Reproduce the lines below exactly. Begin with the first, end with the line containing "Can you accurately", and leave out the pictures.

Source data:
..............................

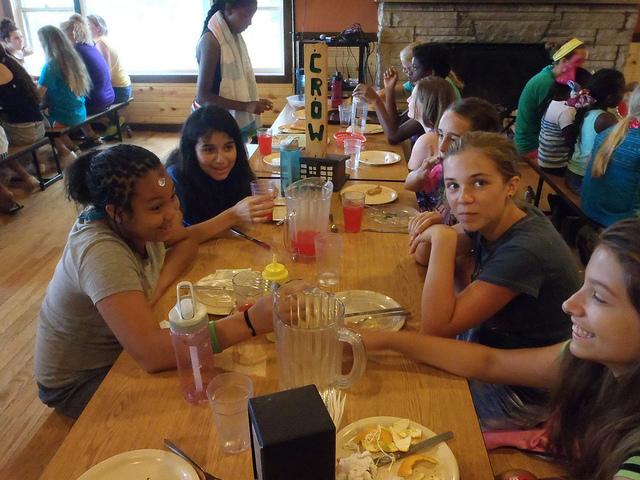How many people are wearing yellow?
Write a very short answer. 1. Is there napkins in the napkin holder?
Keep it brief. Yes. How many pitchers are visible?
Answer briefly. 2. What color is the liquid?
Quick response, please. Red. 
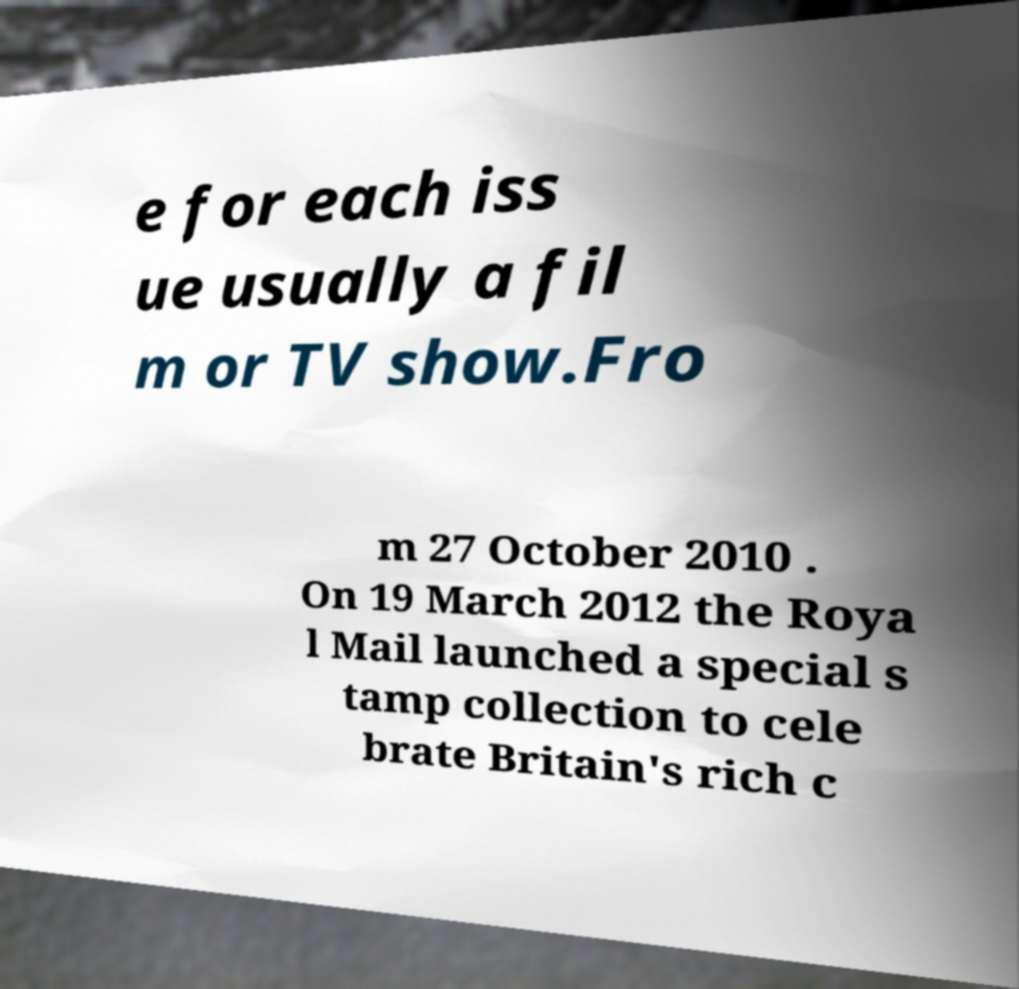Can you accurately transcribe the text from the provided image for me? e for each iss ue usually a fil m or TV show.Fro m 27 October 2010 . On 19 March 2012 the Roya l Mail launched a special s tamp collection to cele brate Britain's rich c 
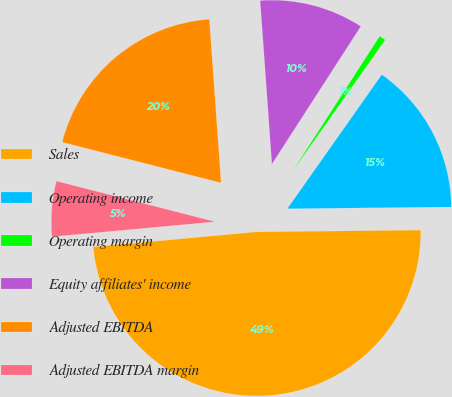Convert chart. <chart><loc_0><loc_0><loc_500><loc_500><pie_chart><fcel>Sales<fcel>Operating income<fcel>Operating margin<fcel>Equity affiliates' income<fcel>Adjusted EBITDA<fcel>Adjusted EBITDA margin<nl><fcel>48.71%<fcel>15.06%<fcel>0.65%<fcel>10.26%<fcel>19.87%<fcel>5.45%<nl></chart> 
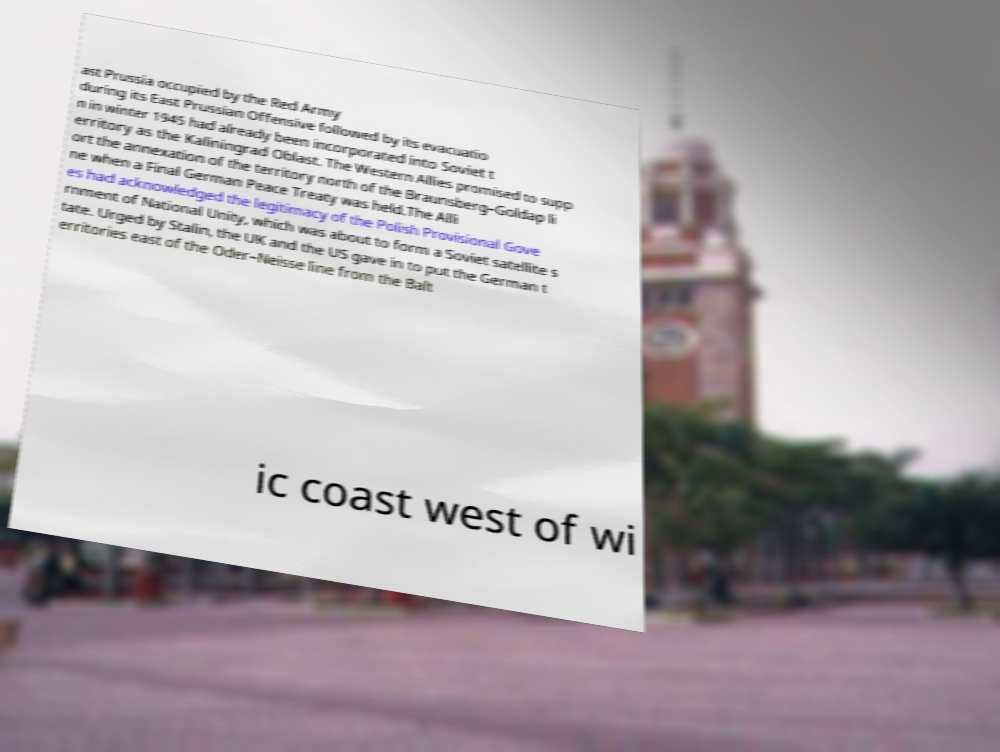I need the written content from this picture converted into text. Can you do that? ast Prussia occupied by the Red Army during its East Prussian Offensive followed by its evacuatio n in winter 1945 had already been incorporated into Soviet t erritory as the Kaliningrad Oblast. The Western Allies promised to supp ort the annexation of the territory north of the Braunsberg–Goldap li ne when a Final German Peace Treaty was held.The Alli es had acknowledged the legitimacy of the Polish Provisional Gove rnment of National Unity, which was about to form a Soviet satellite s tate. Urged by Stalin, the UK and the US gave in to put the German t erritories east of the Oder–Neisse line from the Balt ic coast west of wi 
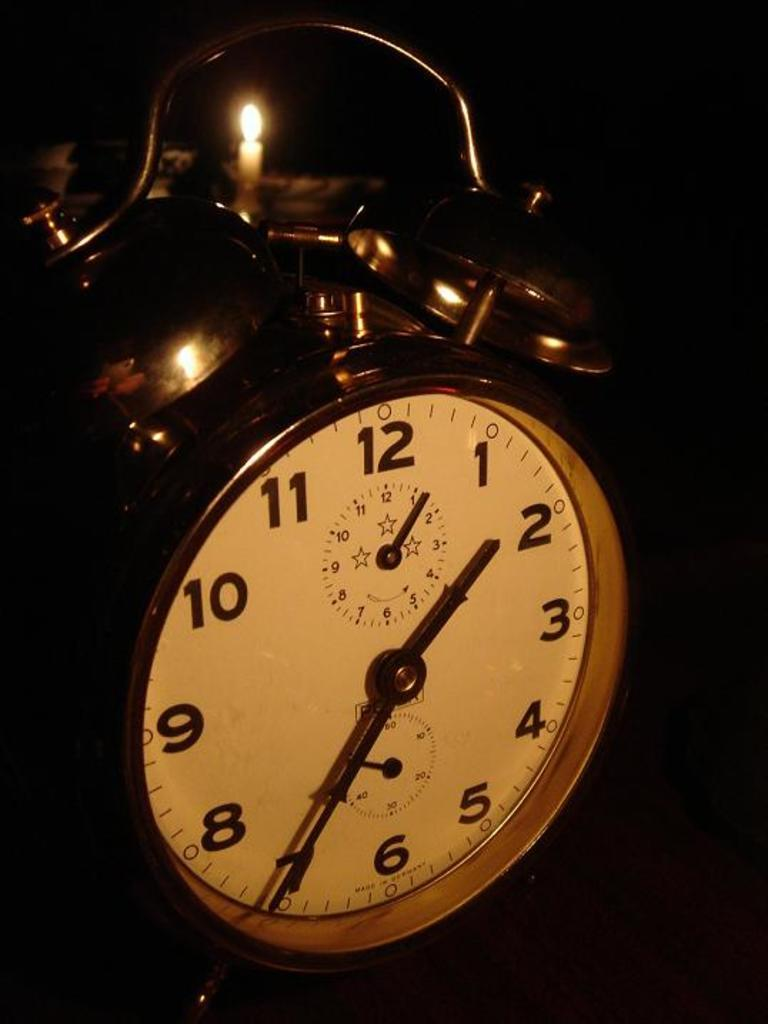<image>
Relay a brief, clear account of the picture shown. an old brass alarm clock by manufacturer beginning with letter P 
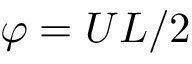Convert formula to latex. <formula><loc_0><loc_0><loc_500><loc_500>\varphi = U L / 2</formula> 
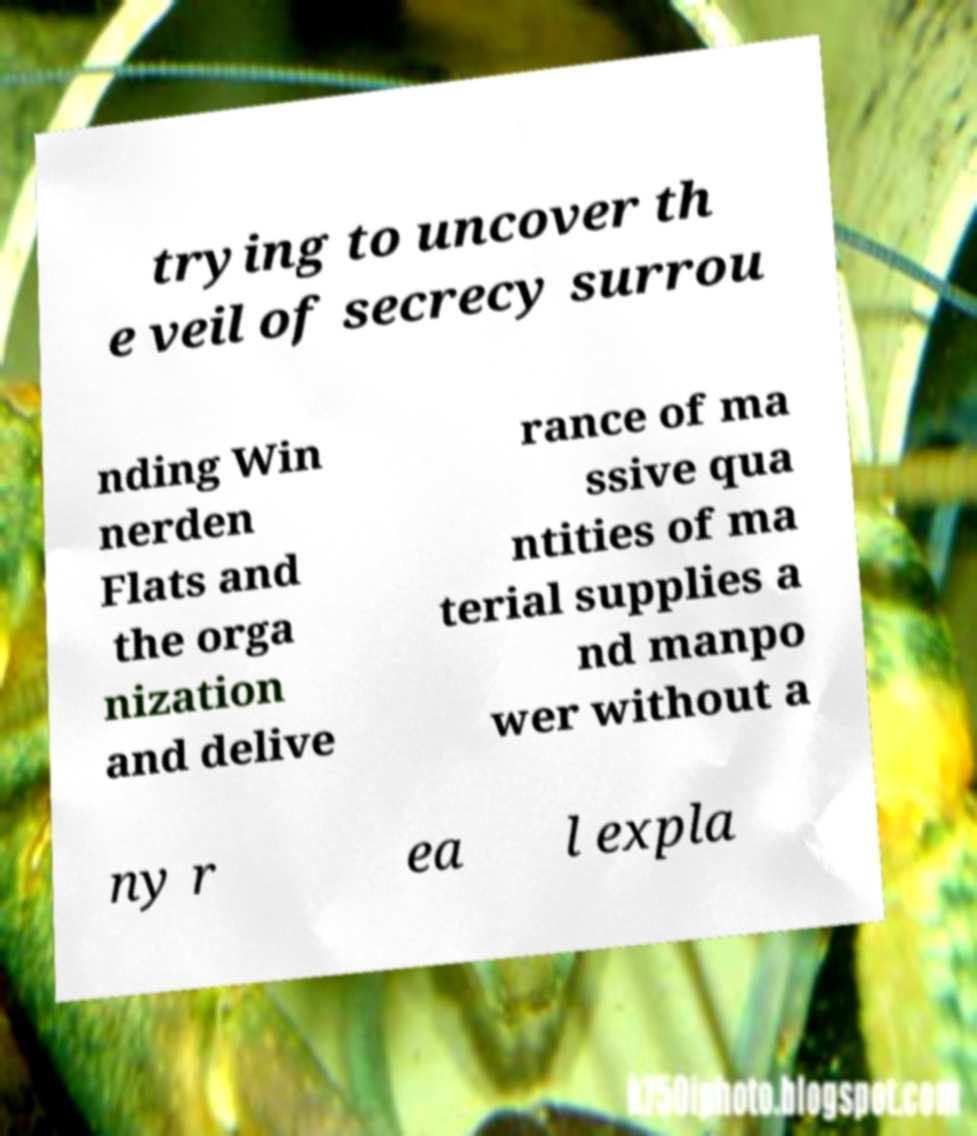Could you assist in decoding the text presented in this image and type it out clearly? trying to uncover th e veil of secrecy surrou nding Win nerden Flats and the orga nization and delive rance of ma ssive qua ntities of ma terial supplies a nd manpo wer without a ny r ea l expla 
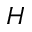<formula> <loc_0><loc_0><loc_500><loc_500>H</formula> 
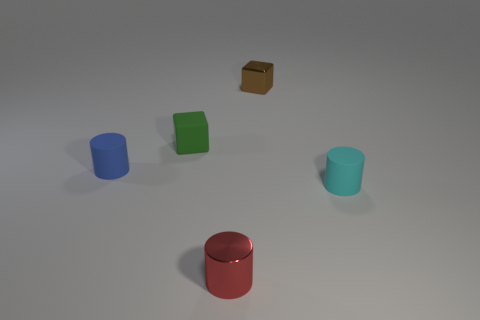How many cubes are the same size as the cyan thing?
Offer a very short reply. 2. Are there more tiny red things in front of the red cylinder than green matte cubes behind the metal cube?
Your answer should be very brief. No. There is a cyan thing that is the same size as the metallic cylinder; what is it made of?
Provide a short and direct response. Rubber. What shape is the small blue rubber object?
Your response must be concise. Cylinder. What number of gray things are either rubber objects or tiny metallic cubes?
Your answer should be very brief. 0. There is a red object that is made of the same material as the tiny brown object; what size is it?
Offer a very short reply. Small. Is the material of the cube that is on the right side of the green block the same as the small cylinder that is left of the green object?
Your answer should be very brief. No. What number of blocks are tiny red things or small blue rubber objects?
Your answer should be very brief. 0. There is a tiny shiny object behind the small metallic object that is in front of the rubber block; what number of small red cylinders are in front of it?
Give a very brief answer. 1. What material is the cyan object that is the same shape as the red metallic object?
Make the answer very short. Rubber. 
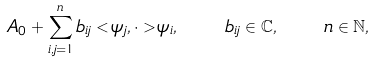<formula> <loc_0><loc_0><loc_500><loc_500>A _ { 0 } + \sum _ { i , j = 1 } ^ { n } { b } _ { i j } < \psi _ { j } , \cdot > \psi _ { i } , \quad b _ { i j } \in \mathbb { C } , \quad n \in \mathbb { N } ,</formula> 
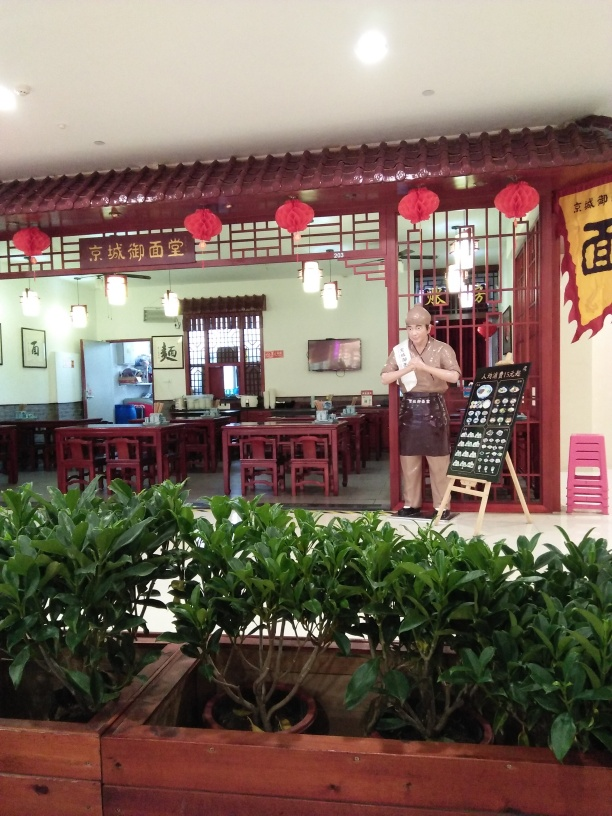Does the image capture the shop effectively? The image provides a clear view of the interior of the shop, showing off the traditional decor and seating arrangement. The presence of the person holding a menu gives a sense of the shop's friendly ambiance and customer service. However, the angle at which the photo was taken limits the view of the items for sale, which are essential for fully capturing the essence of the shop. 
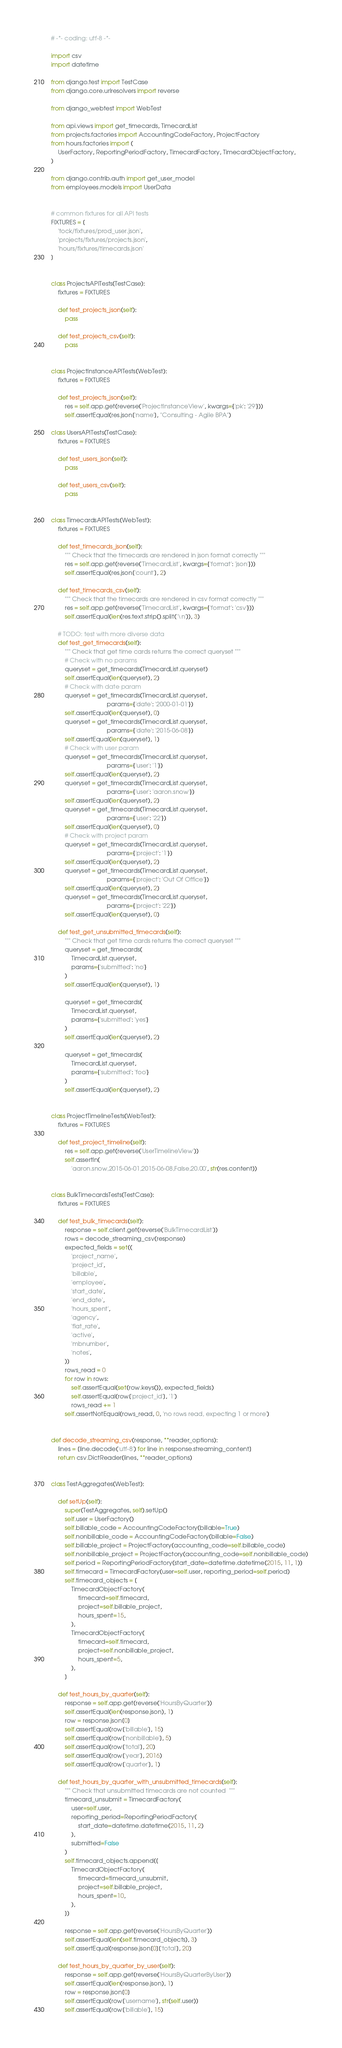<code> <loc_0><loc_0><loc_500><loc_500><_Python_># -*- coding: utf-8 -*-

import csv
import datetime

from django.test import TestCase
from django.core.urlresolvers import reverse

from django_webtest import WebTest

from api.views import get_timecards, TimecardList
from projects.factories import AccountingCodeFactory, ProjectFactory
from hours.factories import (
    UserFactory, ReportingPeriodFactory, TimecardFactory, TimecardObjectFactory,
)

from django.contrib.auth import get_user_model
from employees.models import UserData


# common fixtures for all API tests
FIXTURES = [
    'tock/fixtures/prod_user.json',
    'projects/fixtures/projects.json',
    'hours/fixtures/timecards.json'
]


class ProjectsAPITests(TestCase):
    fixtures = FIXTURES

    def test_projects_json(self):
        pass

    def test_projects_csv(self):
        pass


class ProjectInstanceAPITests(WebTest):
    fixtures = FIXTURES

    def test_projects_json(self):
        res = self.app.get(reverse('ProjectInstanceView', kwargs={'pk': '29'}))
        self.assertEqual(res.json['name'], "Consulting - Agile BPA")

class UsersAPITests(TestCase):
    fixtures = FIXTURES

    def test_users_json(self):
        pass

    def test_users_csv(self):
        pass


class TimecardsAPITests(WebTest):
    fixtures = FIXTURES

    def test_timecards_json(self):
        """ Check that the timecards are rendered in json format correctly """
        res = self.app.get(reverse('TimecardList', kwargs={'format': 'json'}))
        self.assertEqual(res.json['count'], 2)

    def test_timecards_csv(self):
        """ Check that the timecards are rendered in csv format correctly """
        res = self.app.get(reverse('TimecardList', kwargs={'format': 'csv'}))
        self.assertEqual(len(res.text.strip().split('\n')), 3)

    # TODO: test with more diverse data
    def test_get_timecards(self):
        """ Check that get time cards returns the correct queryset """
        # Check with no params
        queryset = get_timecards(TimecardList.queryset)
        self.assertEqual(len(queryset), 2)
        # Check with date param
        queryset = get_timecards(TimecardList.queryset,
                                 params={'date': '2000-01-01'})
        self.assertEqual(len(queryset), 0)
        queryset = get_timecards(TimecardList.queryset,
                                 params={'date': '2015-06-08'})
        self.assertEqual(len(queryset), 1)
        # Check with user param
        queryset = get_timecards(TimecardList.queryset,
                                 params={'user': '1'})
        self.assertEqual(len(queryset), 2)
        queryset = get_timecards(TimecardList.queryset,
                                 params={'user': 'aaron.snow'})
        self.assertEqual(len(queryset), 2)
        queryset = get_timecards(TimecardList.queryset,
                                 params={'user': '22'})
        self.assertEqual(len(queryset), 0)
        # Check with project param
        queryset = get_timecards(TimecardList.queryset,
                                 params={'project': '1'})
        self.assertEqual(len(queryset), 2)
        queryset = get_timecards(TimecardList.queryset,
                                 params={'project': 'Out Of Office'})
        self.assertEqual(len(queryset), 2)
        queryset = get_timecards(TimecardList.queryset,
                                 params={'project': '22'})
        self.assertEqual(len(queryset), 0)

    def test_get_unsubmitted_timecards(self):
        """ Check that get time cards returns the correct queryset """
        queryset = get_timecards(
            TimecardList.queryset,
            params={'submitted': 'no'}
        )
        self.assertEqual(len(queryset), 1)

        queryset = get_timecards(
            TimecardList.queryset,
            params={'submitted': 'yes'}
        )
        self.assertEqual(len(queryset), 2)

        queryset = get_timecards(
            TimecardList.queryset,
            params={'submitted': 'foo'}
        )
        self.assertEqual(len(queryset), 2)


class ProjectTimelineTests(WebTest):
    fixtures = FIXTURES

    def test_project_timeline(self):
        res = self.app.get(reverse('UserTimelineView'))
        self.assertIn(
            'aaron.snow,2015-06-01,2015-06-08,False,20.00', str(res.content))


class BulkTimecardsTests(TestCase):
    fixtures = FIXTURES

    def test_bulk_timecards(self):
        response = self.client.get(reverse('BulkTimecardList'))
        rows = decode_streaming_csv(response)
        expected_fields = set((
            'project_name',
            'project_id',
            'billable',
            'employee',
            'start_date',
            'end_date',
            'hours_spent',
            'agency',
            'flat_rate',
            'active',
            'mbnumber',
            'notes',
        ))
        rows_read = 0
        for row in rows:
            self.assertEqual(set(row.keys()), expected_fields)
            self.assertEqual(row['project_id'], '1')
            rows_read += 1
        self.assertNotEqual(rows_read, 0, 'no rows read, expecting 1 or more')


def decode_streaming_csv(response, **reader_options):
    lines = [line.decode('utf-8') for line in response.streaming_content]
    return csv.DictReader(lines, **reader_options)


class TestAggregates(WebTest):

    def setUp(self):
        super(TestAggregates, self).setUp()
        self.user = UserFactory()
        self.billable_code = AccountingCodeFactory(billable=True)
        self.nonbillable_code = AccountingCodeFactory(billable=False)
        self.billable_project = ProjectFactory(accounting_code=self.billable_code)
        self.nonbillable_project = ProjectFactory(accounting_code=self.nonbillable_code)
        self.period = ReportingPeriodFactory(start_date=datetime.datetime(2015, 11, 1))
        self.timecard = TimecardFactory(user=self.user, reporting_period=self.period)
        self.timecard_objects = [
            TimecardObjectFactory(
                timecard=self.timecard,
                project=self.billable_project,
                hours_spent=15,
            ),
            TimecardObjectFactory(
                timecard=self.timecard,
                project=self.nonbillable_project,
                hours_spent=5,
            ),
        ]

    def test_hours_by_quarter(self):
        response = self.app.get(reverse('HoursByQuarter'))
        self.assertEqual(len(response.json), 1)
        row = response.json[0]
        self.assertEqual(row['billable'], 15)
        self.assertEqual(row['nonbillable'], 5)
        self.assertEqual(row['total'], 20)
        self.assertEqual(row['year'], 2016)
        self.assertEqual(row['quarter'], 1)

    def test_hours_by_quarter_with_unsubmitted_timecards(self):
        """ Check that unsubmitted timecards are not counted  """
        timecard_unsubmit = TimecardFactory(
            user=self.user,
            reporting_period=ReportingPeriodFactory(
                start_date=datetime.datetime(2015, 11, 2)
            ),
            submitted=False
        )
        self.timecard_objects.append([
            TimecardObjectFactory(
                timecard=timecard_unsubmit,
                project=self.billable_project,
                hours_spent=10,
            ),
        ])

        response = self.app.get(reverse('HoursByQuarter'))
        self.assertEqual(len(self.timecard_objects), 3)
        self.assertEqual(response.json[0]['total'], 20)

    def test_hours_by_quarter_by_user(self):
        response = self.app.get(reverse('HoursByQuarterByUser'))
        self.assertEqual(len(response.json), 1)
        row = response.json[0]
        self.assertEqual(row['username'], str(self.user))
        self.assertEqual(row['billable'], 15)</code>

..............................

### Response box
How many people are wearing yellow?
Write a very short answer. 1. Is there napkins in the napkin holder?
Keep it brief. Yes. How many pitchers are visible?
Answer briefly. 2. What color is the liquid?
Quick response, please. Red. 
Can you accurately transcribe the text from the provided image for me? e for each iss ue usually a fil m or TV show.Fro m 27 October 2010 . On 19 March 2012 the Roya l Mail launched a special s tamp collection to cele brate Britain's rich c 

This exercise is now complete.